Going where the money is
Public discussion of the Dallas siting decision emphasized the lack of local primary and dental care options. Addressing access constraints with a low-price model bringing together clinically synergistic services is both a worthy public health goal, and – evidently, given the speedy ramp in visits in Dallas – a surefire way to get patients. But, as Walmart Health launched more clinics, local scarcity of care seemed to fade in importance[5]. The more consistent focus has been on locating in counties which were populous, suburban, and relatively wealthy[6].
While low prices for basic services would appeal to any income bracket, people in higher income areas can also afford all the optional services and upgrades on dispensed items. Thus, the business strategy appears to be focused on cross-selling and upselling to “disposably incomed” supercenter traffic with an operating model otherwise stripped down with classic WMT operating efficiency.
But are Walmart Health clinics, in fact, making money? Barely…maybe….

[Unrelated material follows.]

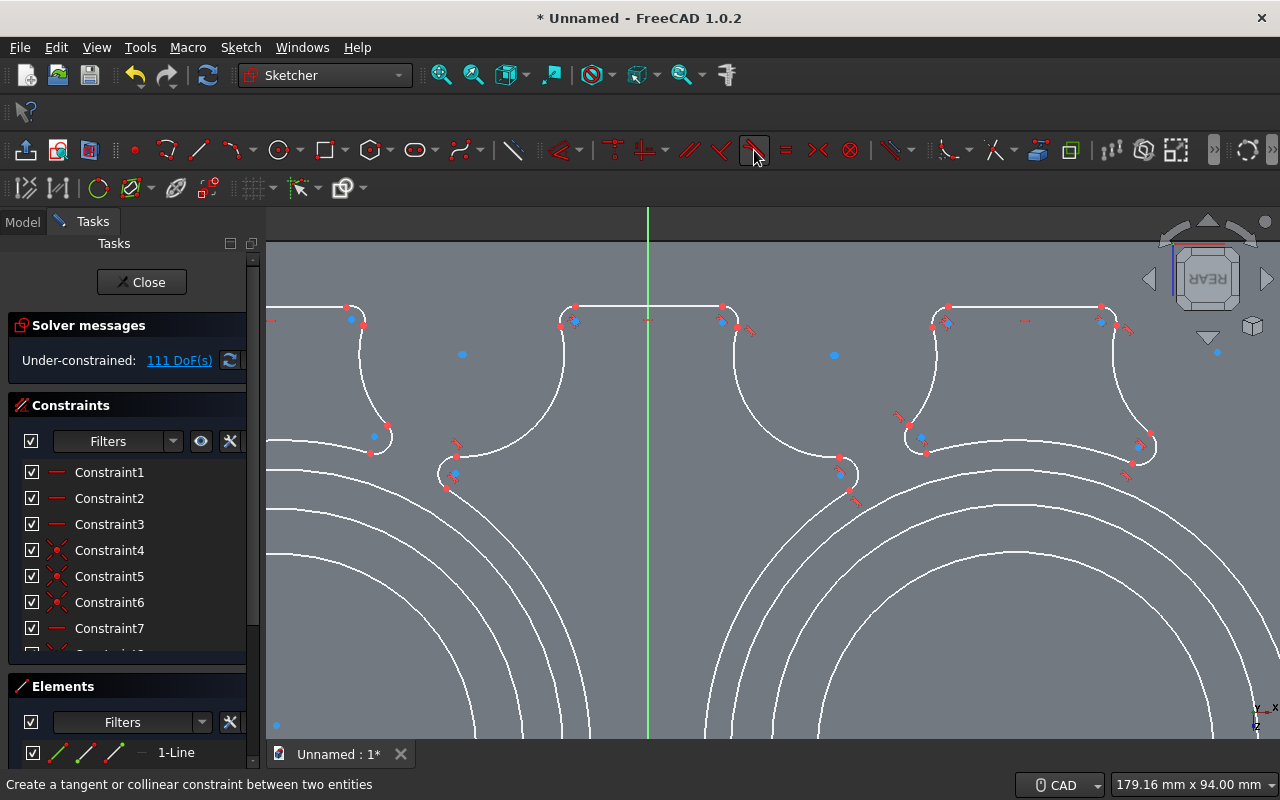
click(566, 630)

Given the size of the Dallas provider team, 2.3K clinic visits per month is probably near capacity. Most clinics – with heavy fixed costs – would be highly profitable with that kind of operating leverage. WMT’s model trades low prices for the base visit (e.g., $30/40 for primary care vs. the median commercial rate closer to $100+) for sharing infrastructure with a supercenter. Assuming those sharable costs (rent, marketing, etc.) are effectively zero and encumbering the clinic P&L only with clinically incremental costs, there does appear to be a path to make some money. Guesswork derived from national benchmark data and various rules of thumb shown in the exhibit below:
This view of clinic economics is a best case in that it assumes the clinic will
- Sustain 2.3K visits per month
- Upsell high margin add-on services (e.g., diagnostics, teeth whitening) and dispense high margin devices (eyeglasses with all the trimmings and some spares, custom fit hearing aids), and
- Get full credit for dispensing prescribed drugs (some WMT customers would have filled scripts at WMT pharmacies irrespective of where the prescriber sat)[7].

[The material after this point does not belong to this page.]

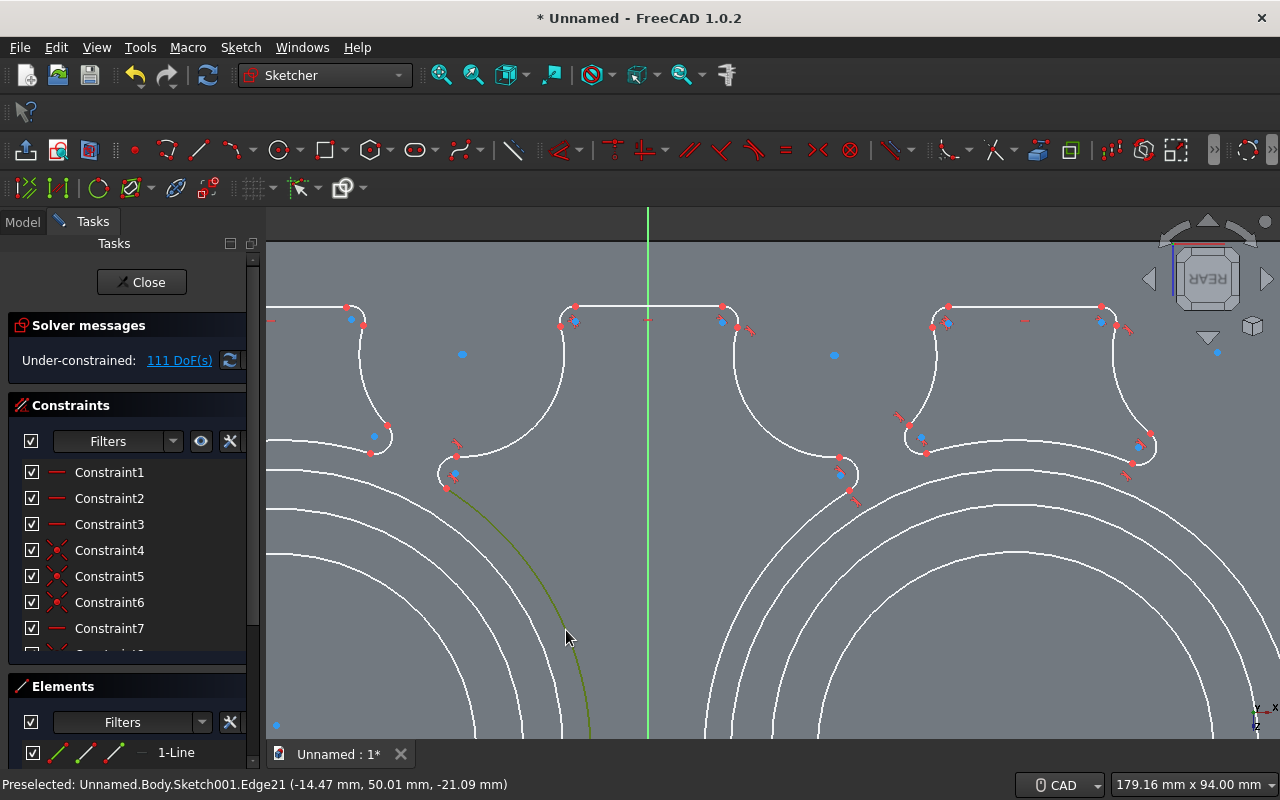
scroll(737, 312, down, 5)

Putting this all together, we guess the clinic earns ~$5-10 margin per visit or ~$15-25 per square foot.
These economics are, in several senses, artificial and vulnerable:
- The margin is dependent on the non-clinical overhead (which would cost a stand-alone medical or dental office $20-30 per visit) being absorbed into the supercenter P&L
- Optometry is already a proven stand-alone business within many supercenters. Folding its earning power into Walmart Health is another kind of subsidy
- With the pandemic, telehealth has become a more broadly adopted platform for delivering minor acute care at a convenient time and place — competing directly with an important part of Walmart Health’s value proposition[8].
Synergies for the supercenter also seem small. “Amazon-hardening” 2.3K visits a month won’t mean much to the bottom line of a supercenter built for 5K visits a day. Also, traffic generation requires clinics, not necessarily clinic ownership. That business case would require that ownership is a prerequisite for operational success within WMT — a real question given the various partnership models for primary care WMT has tried and abandoned over the last 15 years.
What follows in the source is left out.